Para a efetividade da Lei é preciso que os movimentos sociais e feministas estejam vigilantes sobre sua aplicação. É necessário orçamento para as políticas públicas, como a criação nos municípios de equipamentos de atenção integral às mulheres, o aumento do número de juizados especializados, de centros de referência, de capacitação dos profissionais que atendem as mulheres nas delegacias. Cotidianamente somos surpreendidas por assassinatos covardes contra meninas e mulheres em nosso país, e esta realidade precisa ser modificada. É urgente que a Lei Maria da Penha seja aplicada efetivamente.

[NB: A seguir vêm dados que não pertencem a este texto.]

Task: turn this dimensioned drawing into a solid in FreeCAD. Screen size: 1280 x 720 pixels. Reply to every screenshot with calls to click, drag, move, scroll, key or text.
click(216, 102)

A falta de recursos para pastas do executivo responsáveis por políticas para mulheres é uma das grandes dificuldades para a implementação do Plano Nacional?
Com certeza! Os diversos cortes orçamentários para atender a uma politica de juros tem levado o lado oposto de uma politica publica para atendimento a grande maioria da população. O compromisso do Estado brasileiro em romper com as históricas desigualdades de gênero e com o enfrentamento à violência contra as mulheres, deixa a desejar, pois em nossa avaliação falta implementar as políticas públicas para as mulheres e falta orçamento público para enfrentar as desigualdades.
 
 

O CNDM[Conselho Nacional de Defesa da Mulher] possui uma Comissão de monitoramento do Plano Nacional de Políticas para as Mulheres, que a UBM integra. Há também uma Comissão de Orçamento e Planejamento. É preciso que estas Câmaras Técnicas sejam fortalecidas e exerçam a transparência na veiculação das discussões realizadas para informação à sociedade sobre o orçamento e monitoramento do PNPM.

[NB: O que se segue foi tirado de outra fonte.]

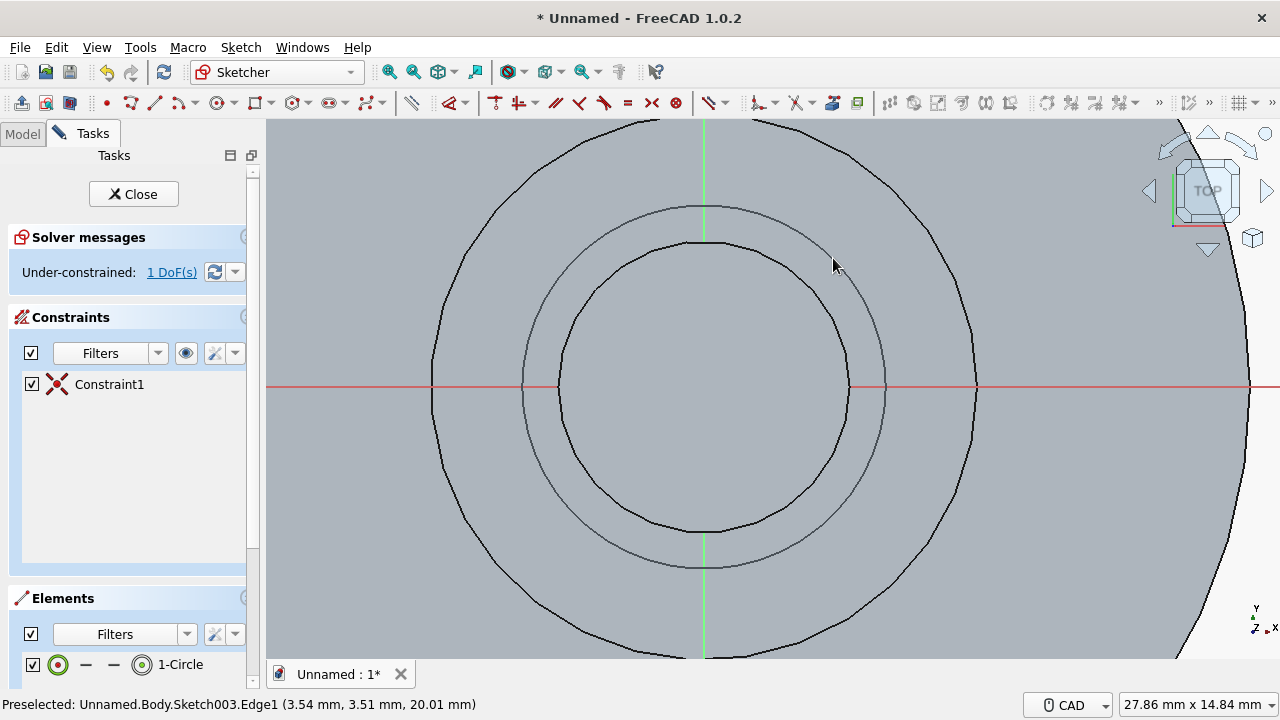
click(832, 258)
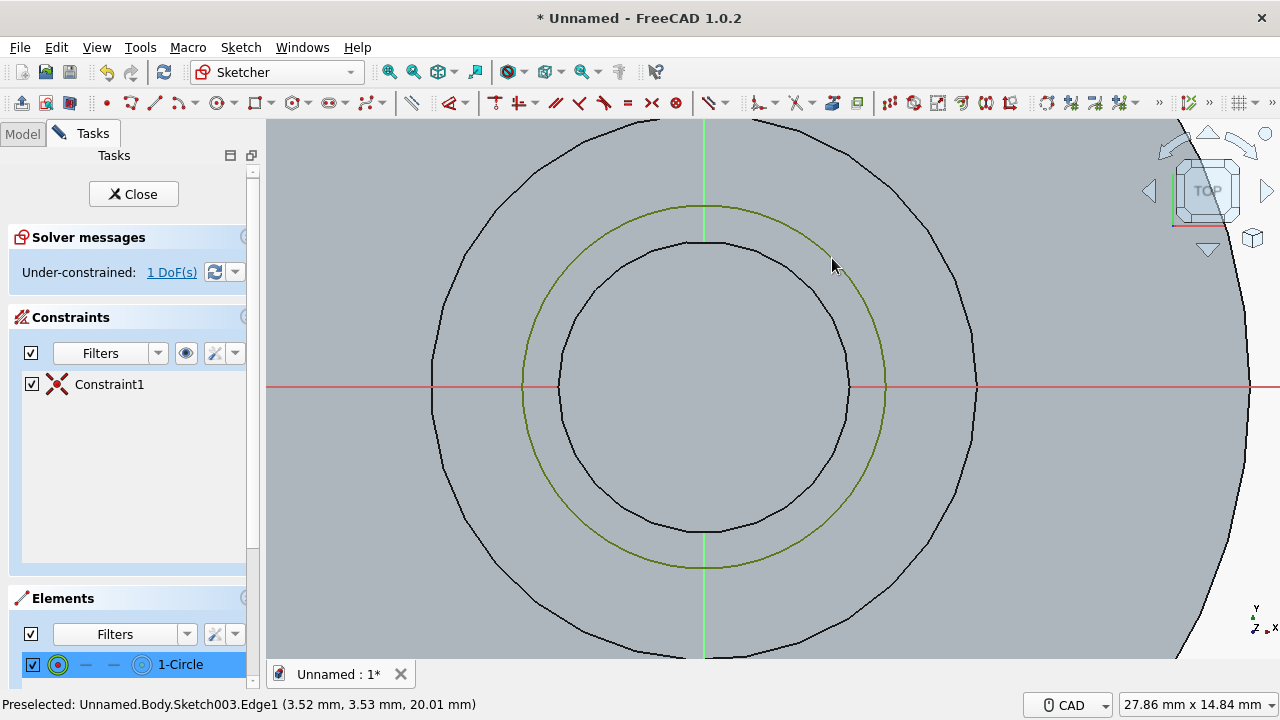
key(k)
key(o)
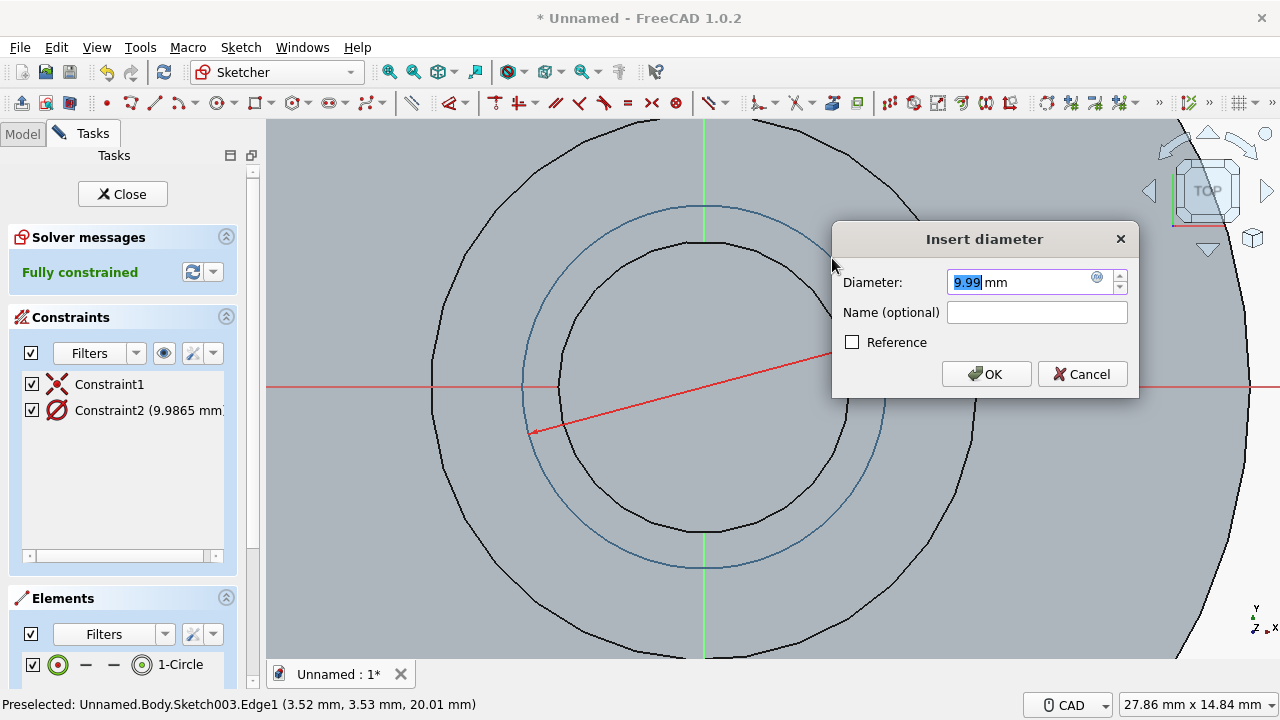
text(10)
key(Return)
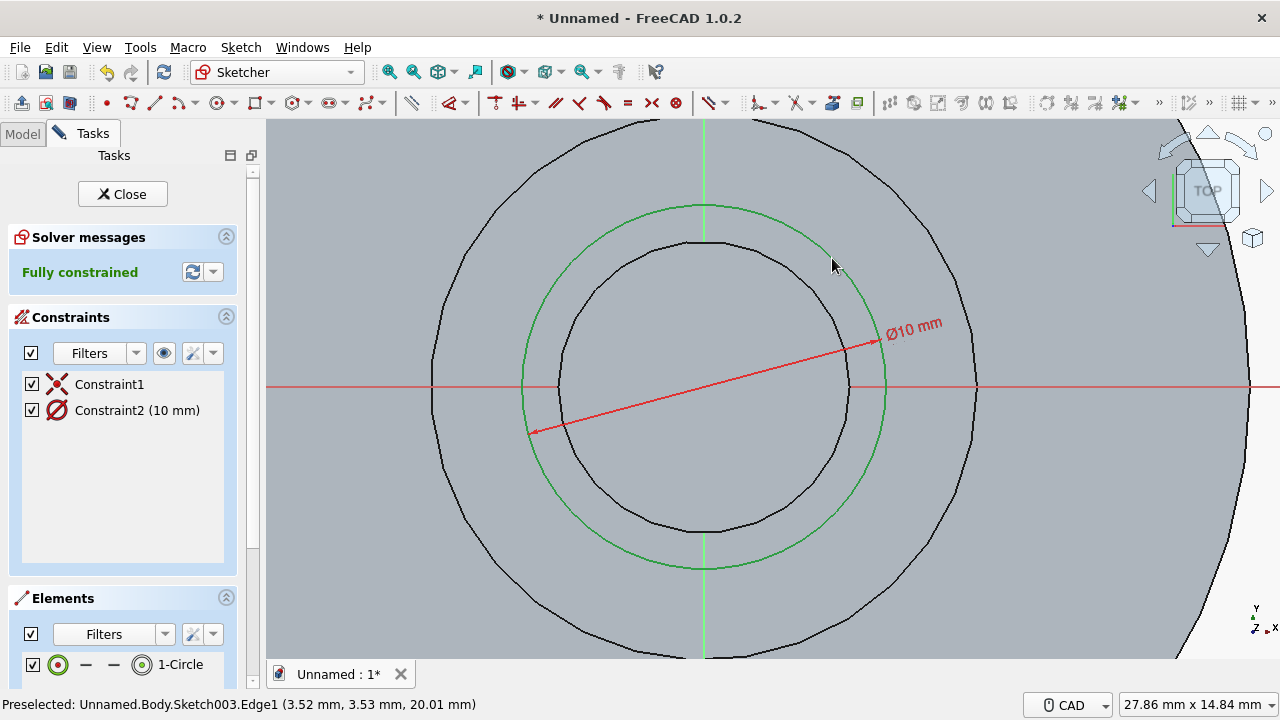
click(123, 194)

Infelizmente, para pagamento dos juros, são retiradas verbas das despesas obrigatórias com Saúde, Educação, reforma agrária entre outras políticas de fundamental importância. As lutas e movimentações do mês de junho e recentemente o ato das centrais sindicais e dos movimentos sociais, levanta com força a necessidade de recursos para a educação e para a saúde, para a reforma urbana entre outras políticas públicas. É preciso retirar recursos dos banqueiros, dos grandes grupos econômicos e aplicar nas politicas públicas para a grande maioria da população.

Qual o significado de termos uma mulher na presidência da república? Comente a realidade da representatividade da mulher nos espaços de poder político.
Podemos dizer que, além do ineditismo da primeira mulher presidenta do Brasil, isso vem consagrar conquistas do movimento feminista na América Latina, que, na última década, assistiu às vitórias de Michelle Bachelet (Chile), Cristina Kirchner (Argentina) e Laura Chinchilla (Costa Rica), embora cheguem com certo atraso cronológico em relação aos vizinhos. No entanto, a conquista, segundo elas, não põe fim à desigualdade de oportunidades no cenário político brasileiro.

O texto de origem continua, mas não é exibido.